A few weekends back I participated in the WhammyJammy 48-hour audio game jam here in San Francisco. A game jam, for the rest of the tech world I guess, is usually called a hack-a-thon. The basic idea is, a bunch of folks get together, take a theme, and then have 48-hours to make something playable. Whatever you call them, game jams are a ton of fun and are a great way to work on new things, learn, and meet cool people. They’ve become pretty popular in the games world of late, especially with the recent indie game creators revolution. There are so many tools for rapid development now days that creating really great games in 48-hours is actually pretty realistic assuming you know what you’re doing.

Folks playing "Bass Jumper"

Folks playing the completed “Bass Jumper” game at the end of the jam.

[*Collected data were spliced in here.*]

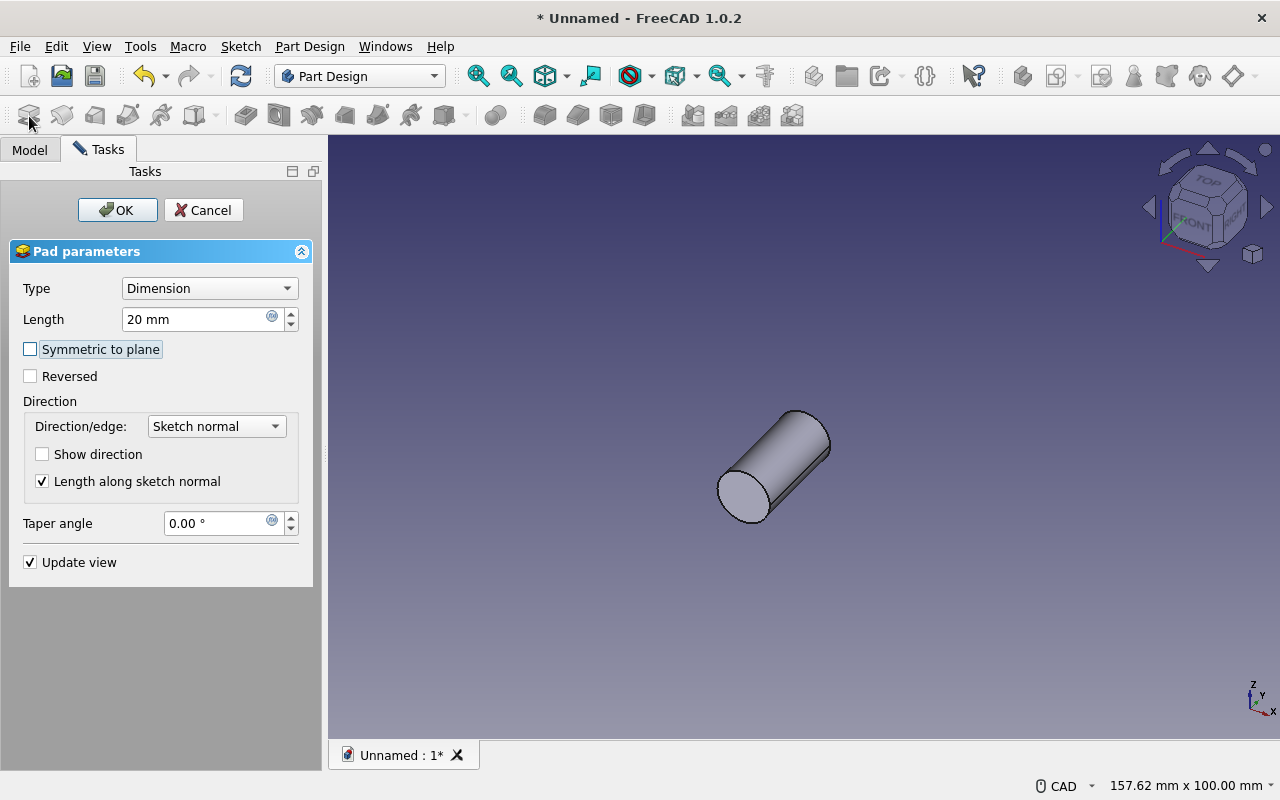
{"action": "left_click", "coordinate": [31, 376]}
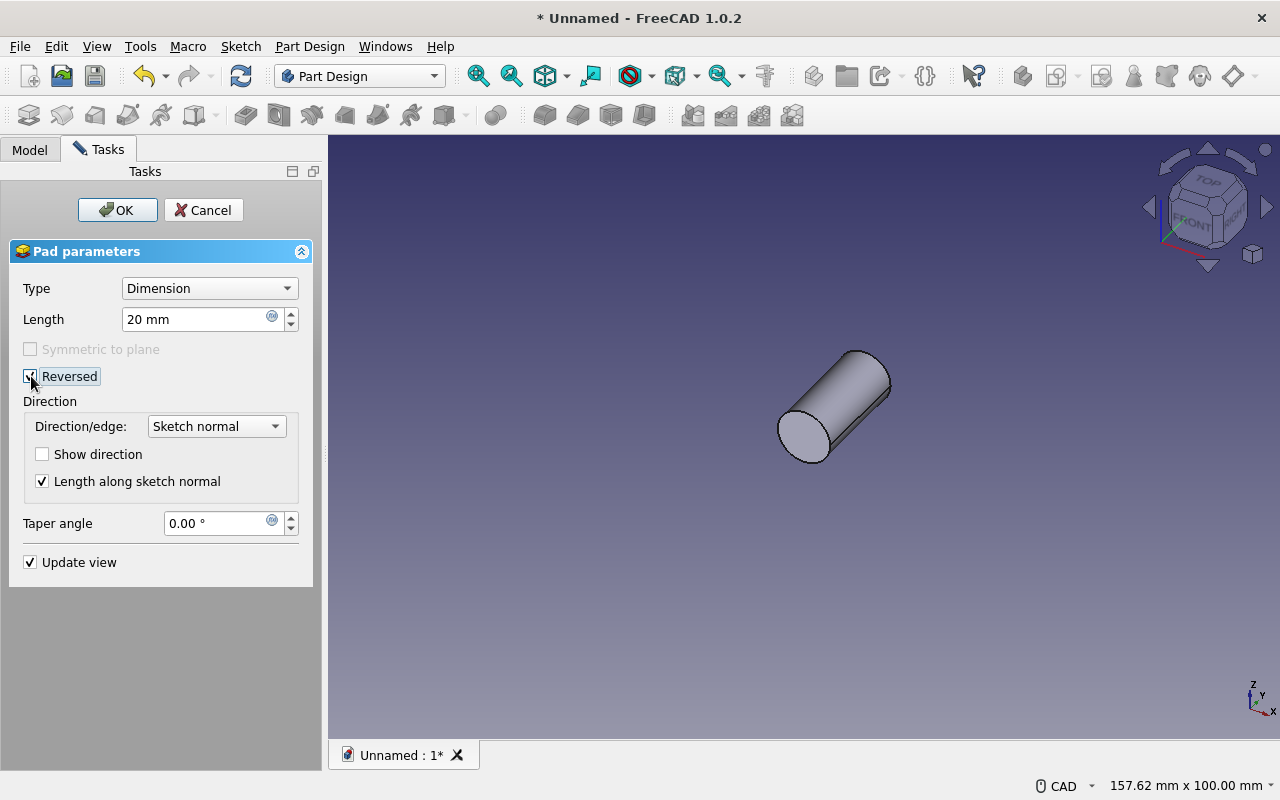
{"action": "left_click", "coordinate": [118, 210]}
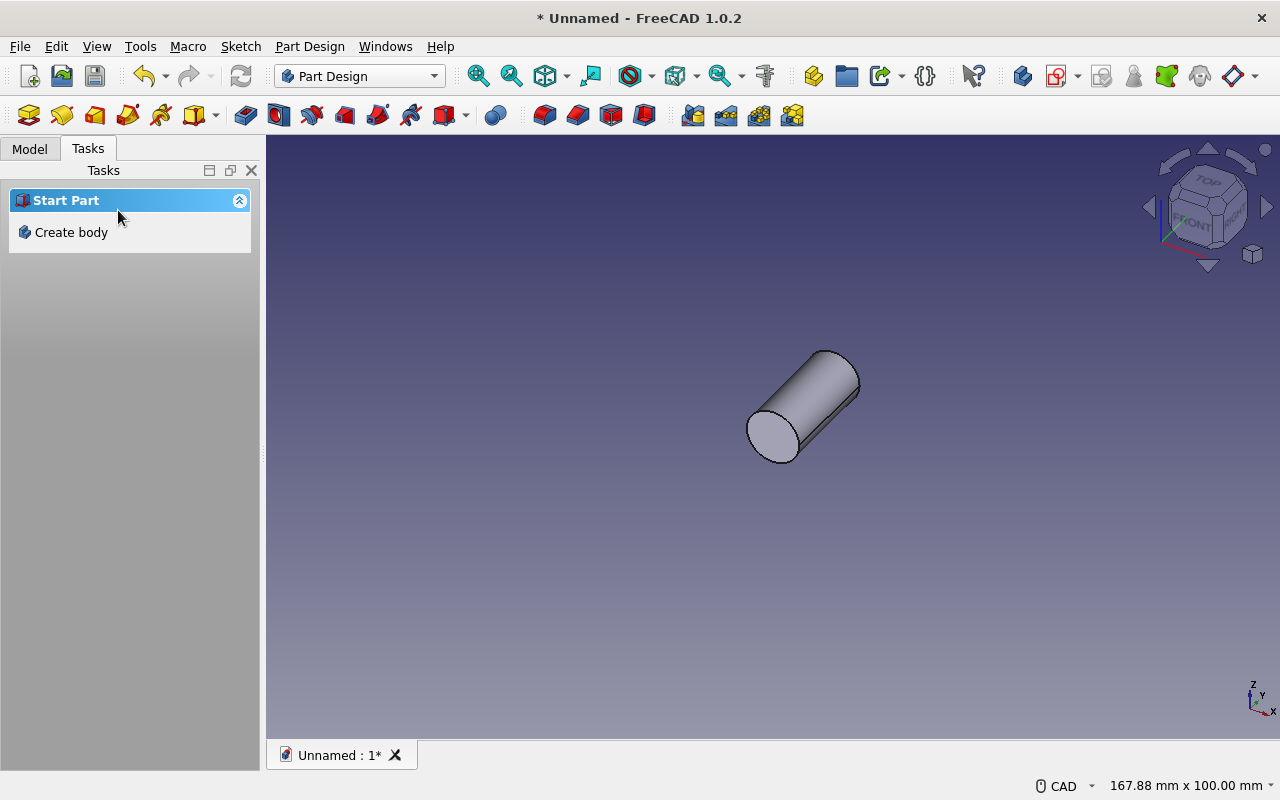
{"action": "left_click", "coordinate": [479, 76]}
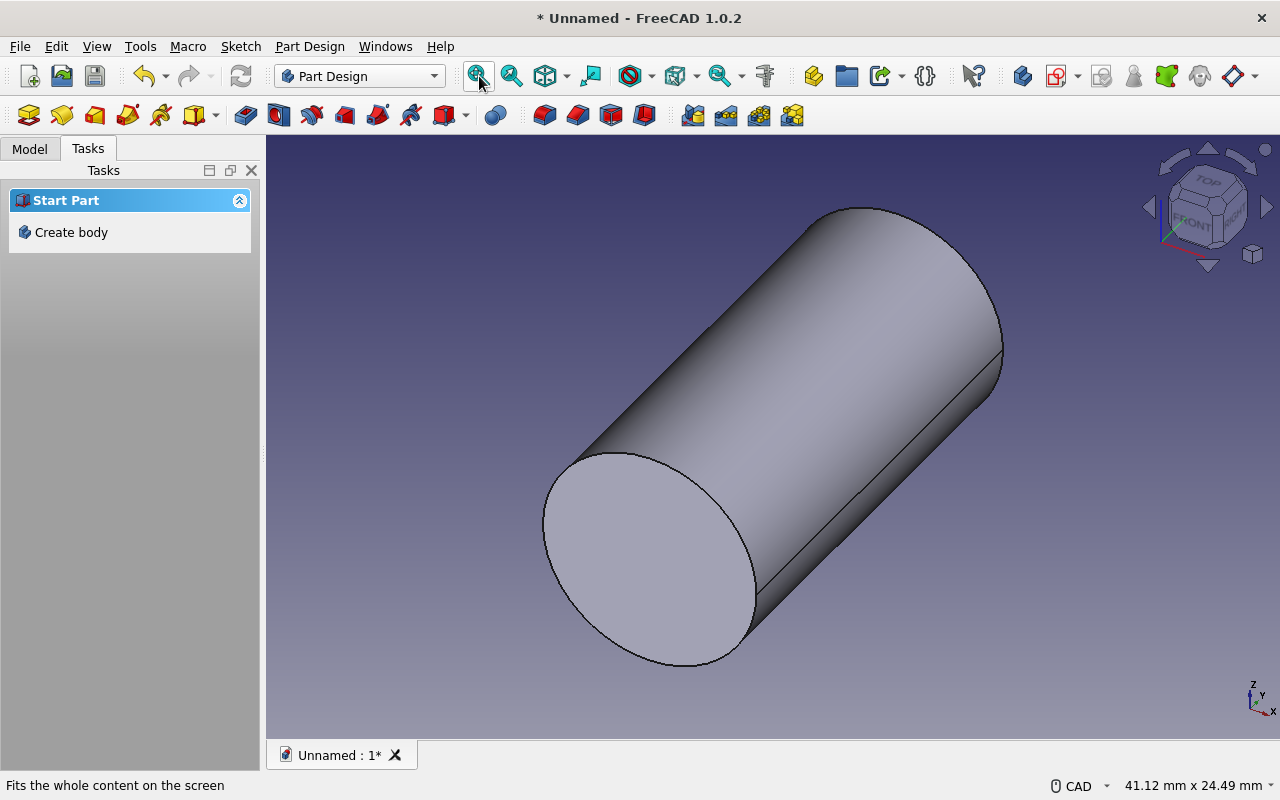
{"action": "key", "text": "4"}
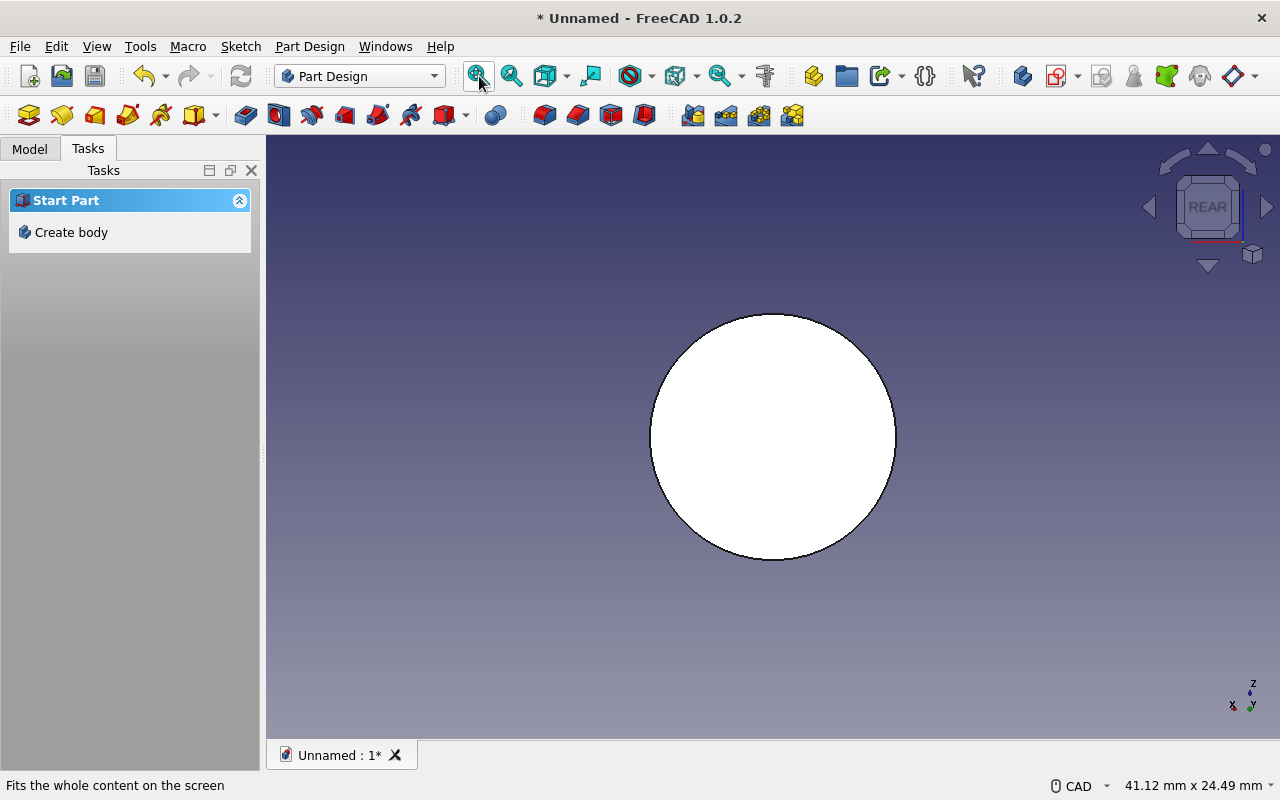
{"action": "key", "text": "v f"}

Whammy Jammy was organized in part by Steven An, who I met at this year’s IndieCade conference. Turned out we were both San Francisco area game devs and he let me know about the jam. Before WhammyJammy I’d done two Global Game Jams, SCAD’s 24-Hour Generate Jam, MolyJam, my own 48-hour Ludum Dare prep jam, and Ludum Dare 23 so suffice to say I’ve had a fair bit of rapid development experience. I haven’t gotten to do as many SF jams as I’d like and I’d had a great time at MolyJam meeting other Bay Area game creators so I had high hopes.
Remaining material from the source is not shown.